Therefore, the existing chain block gantry type lifting mechanism can be completed by at least two operators who are matched with each other and through a plurality of complicated steps when the lap joint position of the contact bridge is adjusted, namely, the existing lifting mechanism has the problems that the adjustment is time-consuming and labor-consuming and cannot be adjusted in time.
SUMMERY OF THE UTILITY MODEL
The embodiment of the application provides a pontoon dock system of plugging into and contact bridge automatic lifting mechanism thereof, and this contact bridge automatic lifting mechanism can lift up the contact bridge automatically and prevent personnel current when the slope of contact bridge is unsatisfied to require to can be by single whole adjustment operation of accomplishing on the bank, have labour saving and time saving and can in time adjust the characteristics.

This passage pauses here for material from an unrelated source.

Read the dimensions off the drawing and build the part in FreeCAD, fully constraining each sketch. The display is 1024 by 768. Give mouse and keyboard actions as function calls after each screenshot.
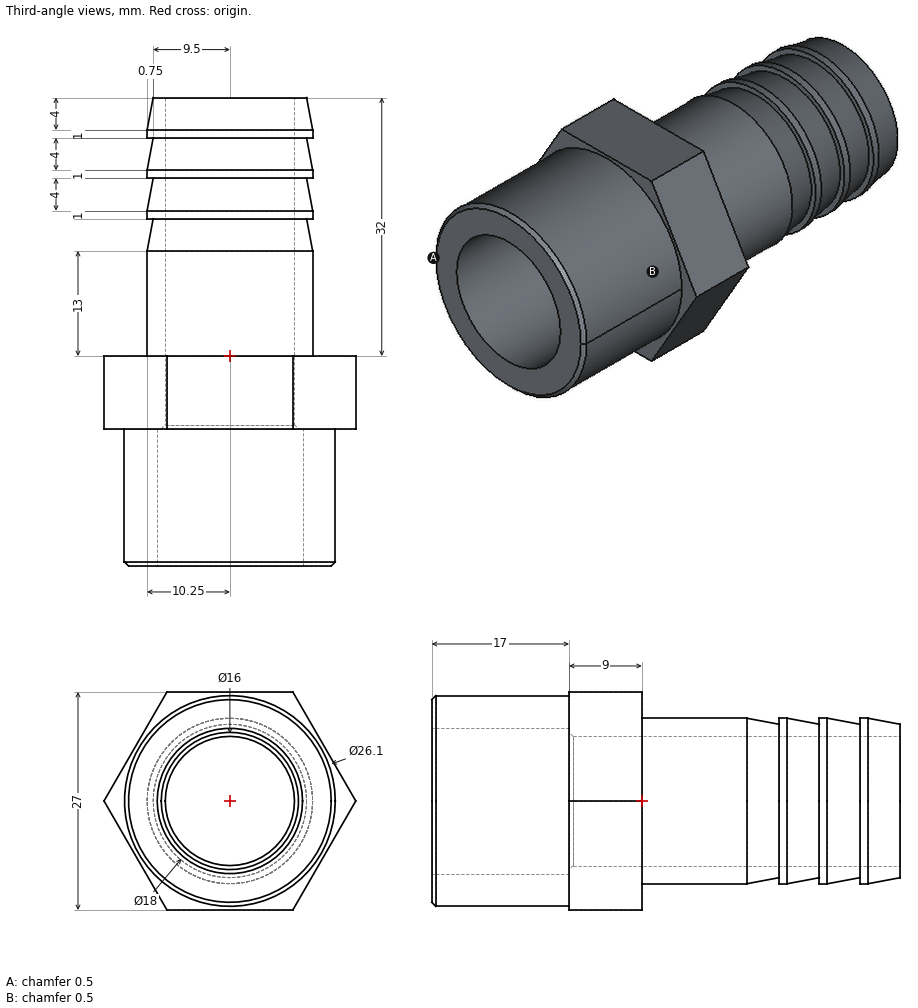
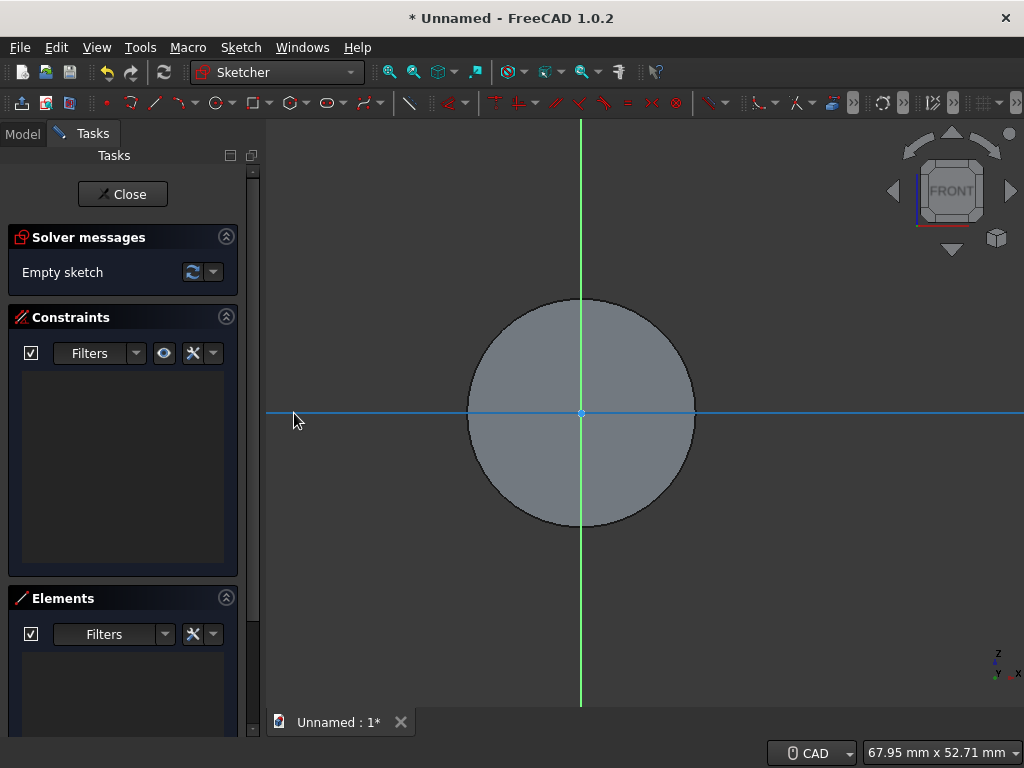
click(290, 104)

According to a first aspect of the embodiment of the application, an automatic lifting mechanism of a contact bridge is provided, wherein the contact bridge comprises a shore facing end and a water facing end which are oppositely arranged, the shore facing end is movably connected to a shore slope, the water facing end is movably connected to a pontoon, and the automatic lifting mechanism comprises a portal frame, an electric winch, a steel wire rope, an angle detection unit and a control unit;
the gantry is fixedly arranged on the pontoon;
the electric winch is fixedly arranged on the top of the gantry;
one end of the steel wire rope is wound on the electric winch, and the other end of the steel wire rope is fixedly connected to the shore facing end;
the angle detection unit is fixedly arranged on the contact bridge and used for detecting the inclination angle between the contact bridge and the horizontal plane;
the control unit is in signal connection with the angle detection unit and the electric winch, and controls the electric winch to rotate according to the inclination angle signal detected by the angle detection unit and the angle threshold value prestored in the control unit.
Preferably, the door frame comprises two upright columns arranged along the vertical direction and a cross bar fixedly connected to the tops of the two upright columns;
the electric winch is fixedly arranged on the upright post.
Preferably, one electric winch is installed at the top of each upright column, and one steel wire rope is connected between each electric winch and the contact bridge.
Preferably, the gantry further comprises pull rods in one-to-one correspondence with the upright columns;
the pull rod is obliquely arranged, the top end of the pull rod is fixedly connected to the top of the corresponding upright post, and the bottom end of the pull rod is fixedly installed on the pontoon.
Preferably, two of the upright posts are arranged along the width direction of the contact bridge.
Preferably, the angle detection unit is an angle sensor.
Preferably, the control unit is a single chip microcomputer, a microcontroller or a PLC (Programmable Logic Controller).
Preferably, the control unit is connected with the angle detection unit and the electric winch through a control cable.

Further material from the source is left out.